Nach einem Unentschieden in der ersten Runde ist für den Fellbacher Ringer die U-17-WM früher beendet als gedacht.
Dass eine Punkteteilung nicht unbedingt ein Unentschieden bedeuten muss, weiß der Fellbacher Ringer Kevin Karl nur zu gut. Bereits bei der U-17-EM im Juni verhinderte ein 5:5 gegen Dzhabrail Umkhadazhiev den Finaleinzug, weil der Russe für eine einzelne Technik am meisten Punkte erhalten hatte. Immerhin geschah dies erst im Halbfinale, sodass Kevin Karl nach einem weiteren Sieg doch noch Bronze gewann.
Bei den gegenwärtig in der jordanischen Hauptstadt Amman ausgetragenen U-17-Weltmeisterschaften musste Karl jedoch bereits in der Qualifikationsrunde ein 1:1 hinnehmen. Weil sein Gegenüber, der Serbe Balaz Ujhelji, als Letzter punktete, gewann er den Kampf. Anschließend musste auch Ujhelji eine Niederlage hinnehmen, sodass Karl die Hoffnungsrunde verwehrt blieb und er in der Gewichtsklasse bis 65 Kilogramm 16. wurde. „Es ist nicht so gelaufen, wie ich es mir vorgestellt hatte“, sagte Karl.

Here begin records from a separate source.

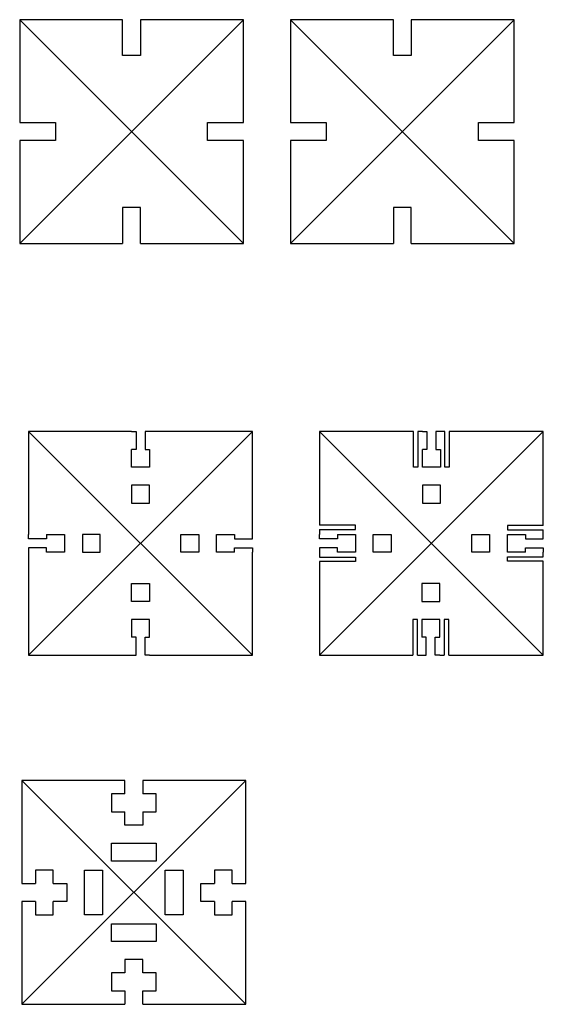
# Model space of a CAD drawing. Header units: millimetres. Extents: x -25 to 92, y -195 to 25.
import ezdxf

# ---------------------------------------------------------------- set-up
doc = ezdxf.new("R2010")
doc.units = ezdxf.units.MM
doc.layers.get('0').update_dxf_attribs({"linetype": 'CONTINUOUS'})

msp = doc.modelspace()

# ---------------------------------------------------------------- linework, layer by layer
for p, q in [((25, 25), (-25, -25)), ((-25, 25), (25, -25)), ((-2, 25), (-25, 25)), ((-25, 25), (-25, 2)), ((-2, 17), (-2, 25)), ((2, 25), (2, 17)), ((25, 25), (2, 25)), ((25, 2), (25, 25)), ((35.5, 25), (35.5, 2)), ((58.5, 25), (35.5, 25)), ((35.5, 25), (85.5, -25)), ((85.5, 25), (35.5, -25)), ((58.5, 17), (58.5, 25)), ((85.5, 25), (62.5, 25)), ((62.5, 25), (62.5, 17)), ((85.5, 2), (85.5, 25)), ((2, 17), (-2, 17)), ((62.5, 17), (58.5, 17)), ((-25, 2), (-17, 2)), ((-17, 2), (-17, -2)), ((17, -2), (17, 2)), ((17, 2), (25, 2)), ((35.5, 2), (43.5, 2)), ((43.5, 2), (43.5, -2)), ((77.5, 2), (85.5, 2)), ((77.5, -2), (77.5, 2)), ((-17, -2), (-25, -2)), ((-25, -2), (-25, -25)), ((25, -2), (17, -2)), ((25, -25), (25, -2)), ((43.5, -2), (35.5, -2)), ((35.5, -2), (35.5, -25)), ((85.5, -2), (77.5, -2)), ((85.5, -25), (85.5, -2)), ((2, -17), (-2, -17)), ((-2, -17), (-2, -25)), ((2, -25), (2, -17)), ((58.5, -17), (58.5, -25)), ((62.5, -17), (58.5, -17)), ((62.5, -25), (62.5, -17)), ((-25, -25), (-2, -25)), ((2, -25), (25, -25)), ((35.5, -25), (58.5, -25)), ((62.5, -25), (85.5, -25)), ((0, -67), (-23, -67)), ((-23, -67), (27, -117)), ((27, -67), (-23, -117)), ((-23, -67), (-23, -90)), ((-23, -67), (-23, -90)), ((0, -67), (-23, -67)), ((27, -67), (-23, -117)), ((-23, -67), (27, -117)), ((0, -67), (1, -67)), ((1, -67), (1, -71)), ((4, -67), (3, -67)), ((3, -67), (3, -71)), ((27, -67), (4, -67)), ((27, -67), (4, -67)), ((27, -90), (27, -67)), ((27, -90), (27, -67)), ((92, -67), (42, -117)), ((92, -67), (42, -117)), ((42, -67), (92, -117)), ((42, -67), (92, -117)), ((63, -67), (42, -67)), ((63, -67), (42, -67)), ((42, -67), (42, -87.93)), ((42, -67), (42, -87.93)), ((63, -75), (63, -67)), ((64, -67), (64, -75)), ((65, -67), (64, -67)), ((65, -67), (64, -67)), ((65, -67), (66, -67)), ((66, -67), (66, -71)), ((69, -67), (68, -67)), ((68, -67), (68, -71)), ((70, -67), (69, -67)), ((70, -75), (70, -67)), ((71, -67), (71, -75)), ((92, -67), (71, -67)), ((92, -88), (92, -67)), ((92, -88), (92, -67)), ((0, -75), (0, -71)), ((0, -75), (0, -71)), ((1, -71), (0, -71)), ((3, -71), (4, -71)), ((4, -71), (4, -75)), ((4, -71), (4, -75)), ((65, -75), (65, -71)), ((65, -75), (65, -71)), ((66, -71), (65, -71)), ((68, -71), (69, -71)), ((69, -71), (69, -75)), ((69, -71), (69, -75)), ((4, -75), (0, -75)), ((4, -75), (0, -75)), ((64, -75), (63, -75)), ((69, -75), (65, -75)), ((69, -75), (65, -75)), ((71, -75), (70, -75)), ((50, -87.93), (42, -87.93)), ((50, -88.93), (50, -87.93)), ((92, -88), (84, -88)), ((84, -88), (84, -89)), ((-23, -91), (-23, -90)), ((-19, -90), (-15, -90)), ((-19, -90), (-15, -90)), ((-19, -90), (-19, -91)), ((-15, -90), (-15, -94)), ((-15, -90), (-15, -94)), ((19, -90), (23, -90)), ((19, -94), (19, -90)), ((19, -90), (23, -90)), ((19, -94), (19, -90)), ((23, -90), (23, -91)), ((27, -91), (27, -90)), ((42, -88.93), (50, -88.93)), ((42, -88.93), (42, -89.93)), ((42, -88.93), (42, -90)), ((42, -91), (42, -90)), ((46, -90), (50, -90)), ((46, -90), (46, -91)), ((50, -90), (50, -94)), ((50, -90), (50, -94)), ((54, -94), (54, -90)), ((54, -90), (58, -90)), ((58, -90), (58, -94)), ((84, -89), (92, -89)), ((84, -94), (84, -90)), ((84, -90), (88, -90)), ((84, -94), (84, -90)), ((84, -90), (88, -90)), ((88, -90), (88, -91)), ((92, -90), (92, -89)), ((92, -90), (92, -89)), ((92, -91), (92, -90)), ((-19, -91), (-23, -91)), ((23, -91), (27, -91)), ((46, -91), (42, -91)), ((88, -91), (92, -91)), ((-19, -93), (-23, -93)), ((-23, -93), (-23, -94)), ((-23, -94), (-23, -117)), ((-23, -94), (-23, -117)), ((-19, -94), (-19, -93)), ((-15, -94), (-19, -94)), ((-15, -94), (-19, -94)), ((23, -94), (19, -94)), ((23, -94), (19, -94)), ((23, -94), (23, -93)), ((23, -93), (27, -93)), ((27, -93), (27, -94)), ((27, -117), (27, -94)), ((27, -117), (27, -94)), ((46, -93), (42, -93)), ((42, -93), (42, -94)), ((42, -94), (42, -95.07)), ((42, -94), (42, -95.07)), ((46, -94), (46, -93)), ((50, -94), (46, -94)), ((50, -94), (46, -94)), ((58, -94), (54, -94)), ((88, -94), (84, -94)), ((88, -94), (84, -94)), ((88, -94), (88, -93)), ((88, -93), (92, -93)), ((92, -93), (92, -94)), ((92, -95), (92, -94)), ((92, -95), (92, -94)), ((42, -95.07), (50, -95.07)), ((50, -96.07), (42, -96.07)), ((42, -96.07), (42, -117)), ((42, -96.07), (42, -117)), ((50, -95.07), (50, -96.07)), ((84, -95), (92, -95)), ((84, -96), (84, -95)), ((92, -96), (84, -96)), ((92, -117), (92, -96)), ((92, -117), (92, -96)), ((64.86, -101), (64.86, -105)), ((0, -109), (0, -113)), ((4, -109), (0, -109)), ((0, -109), (0, -113)), ((4, -109), (0, -109)), ((4, -113), (4, -109)), ((4, -113), (4, -109)), ((63.86, -109), (62.86, -109)), ((62.86, -109), (62.86, -117)), ((63.86, -117), (63.86, -109)), ((64.86, -109), (64.86, -113)), ((68.86, -109), (64.86, -109)), ((68.86, -113), (68.86, -109)), ((70.86, -109), (69.86, -109)), ((69.86, -109), (69.86, -117)), ((70.86, -117), (70.86, -109)), ((1, -113), (0, -113)), ((1, -117), (1, -113)), ((3, -117), (3, -113)), ((3, -113), (4, -113)), ((65.86, -113), (64.86, -113)), ((65.86, -117), (65.86, -113)), ((67.86, -117), (67.86, -113)), ((67.86, -113), (68.86, -113)), ((-23, -117), (0, -117)), ((-23, -117), (0, -117)), ((0, -117), (1, -117)), ((4, -117), (3, -117)), ((4, -117), (27, -117)), ((4, -117), (27, -117)), ((42, -117), (62.86, -117)), ((42, -117), (62.86, -117)), ((63.86, -117), (64.86, -117)), ((64.86, -117), (65.86, -117)), ((68.86, -117), (67.86, -117)), ((68.86, -117), (69.86, -117)), ((69, -117), (69.86, -117)), ((70.86, -117), (92, -117)), ((70.86, -117), (92, -117)), ((-1.5, -145), (-24.5, -145)), ((25.5, -145), (-24.5, -195)), ((-24.5, -145), (-24.5, -168)), ((-24.5, -145), (25.5, -195)), ((-1.5, -148), (-1.5, -145)), ((25.5, -145), (2.5, -145)), ((2.5, -145), (2.5, -148)), ((25.5, -168), (25.5, -145)), ((-4.5, -148), (-4.5, -152)), ((-1.5, -148), (-4.5, -148)), ((5.5, -148), (2.5, -148)), ((5.5, -152), (5.5, -148)), ((-4.5, -152), (-1.5, -152)), ((-1.5, -155), (-1.5, -152)), ((2.5, -152), (5.5, -152)), ((2.5, -152), (2.5, -155)), ((2.5, -155), (-1.5, -155)), ((22.5, -165), (18.5, -165)), ((18.5, -165), (18.5, -168)), ((18.5, -165), (18.5, -168)), ((22.5, -168), (22.5, -165)), ((22.5, -168), (22.5, -165)), ((-17.5, -165), (-21.5, -165)), ((-21.5, -165), (-21.5, -168)), ((-17.5, -168), (-17.5, -165)), ((-24.5, -168), (-21.5, -168)), ((-17.5, -168), (-14.5, -168)), ((-14.5, -168), (-14.5, -172)), ((15.5, -172), (15.5, -168)), ((15.5, -168), (18.5, -168)), ((22.5, -168), (25.5, -168)), ((-24.5, -172), (-24.5, -195)), ((-21.5, -172), (-24.5, -172)), ((-21.5, -172), (-21.5, -175)), ((-17.5, -175), (-17.5, -172)), ((-14.5, -172), (-17.5, -172)), ((18.5, -172), (15.5, -172)), ((18.5, -172), (18.5, -173.5)), ((18.5, -172), (18.5, -175)), ((22.5, -175), (22.5, -172)), ((25.5, -172), (22.5, -172)), ((22.5, -173.5), (22.5, -172)), ((25.5, -195), (25.5, -172)), ((-21.5, -175), (-17.5, -175)), ((18.5, -175), (22.5, -175)), ((2.5, -185), (-1.5, -185)), ((-1.5, -185), (-1.5, -188)), ((2.5, -188), (2.5, -185)), ((-4.5, -188), (-4.5, -192)), ((-1.5, -188), (-4.5, -188)), ((5.5, -188), (2.5, -188)), ((5.5, -192), (5.5, -188)), ((-4.5, -192), (-1.5, -192)), ((-1.5, -192), (-1.5, -195)), ((2.5, -195), (2.5, -192)), ((2.5, -192), (5.5, -192)), ((-24.5, -195), (-1.5, -195)), ((2.5, -195), (25.5, -195))]:
    msp.add_line(p, q)
for points in [[(4, -79), (0, -79), (0, -83), (4, -83)], [(0, -83), (4, -83), (4, -79), (0, -79)], [(65, -79), (65, -83), (69, -83), (69, -79)], [(69, -83), (69, -79), (65, -79), (65, -83)], [(-7, -90), (-11, -90), (-11, -94), (-7, -94)], [(-11, -94), (-7, -94), (-7, -90), (-11, -90)], [(11, -90), (15, -90), (15, -94), (11, -94)], [(11, -90), (15, -90), (15, -94), (11, -94)], [(76, -90), (80, -90), (80, -94), (76, -94)], [(80, -94), (76, -94), (76, -90), (80, -90)], [(4, -105), (0, -105), (0, -101), (4, -101)], [(0, -101), (4, -101), (4, -105), (0, -105)], [(68.86, -101), (64.86, -101), (64.86, -105), (68.86, -105)], [(-4.5, -159), (5.5, -159), (5.5, -163), (-4.5, -163)], [(7.5, -175), (7.5, -165), (11.5, -165), (11.5, -175)], [(-6.5, -165), (-6.5, -175), (-10.5, -175), (-10.5, -165)], [(-4.5, -177), (5.5, -177), (5.5, -181), (-4.5, -181)]]:
    msp.add_lwpolyline(points, close=True)

doc.saveas('drawing.dxf')

Ebenfalls in der ersten Runde unterlag die für Georgien startende Lisa Shavadze der letztjährigen EM-Dritten Lisette Böttker mit 2:7. Anschließend gewann die Estin ihr Viertelfinale. Gelingt ihr nun noch im bei Redaktionsschluss dieser Zeitung noch nicht beendeten Halbfinale gegen die Japanerin Nana Kozuka ein Sieg, dann zieht Lisa Shavadze in die Hoffnungsrunde ein. Die Tochter des SVF-Trainers Tariel Shavadze könnte dann in der Gewichtsklasse bis 53 Kilogramm sogar noch Bronze gewinnen.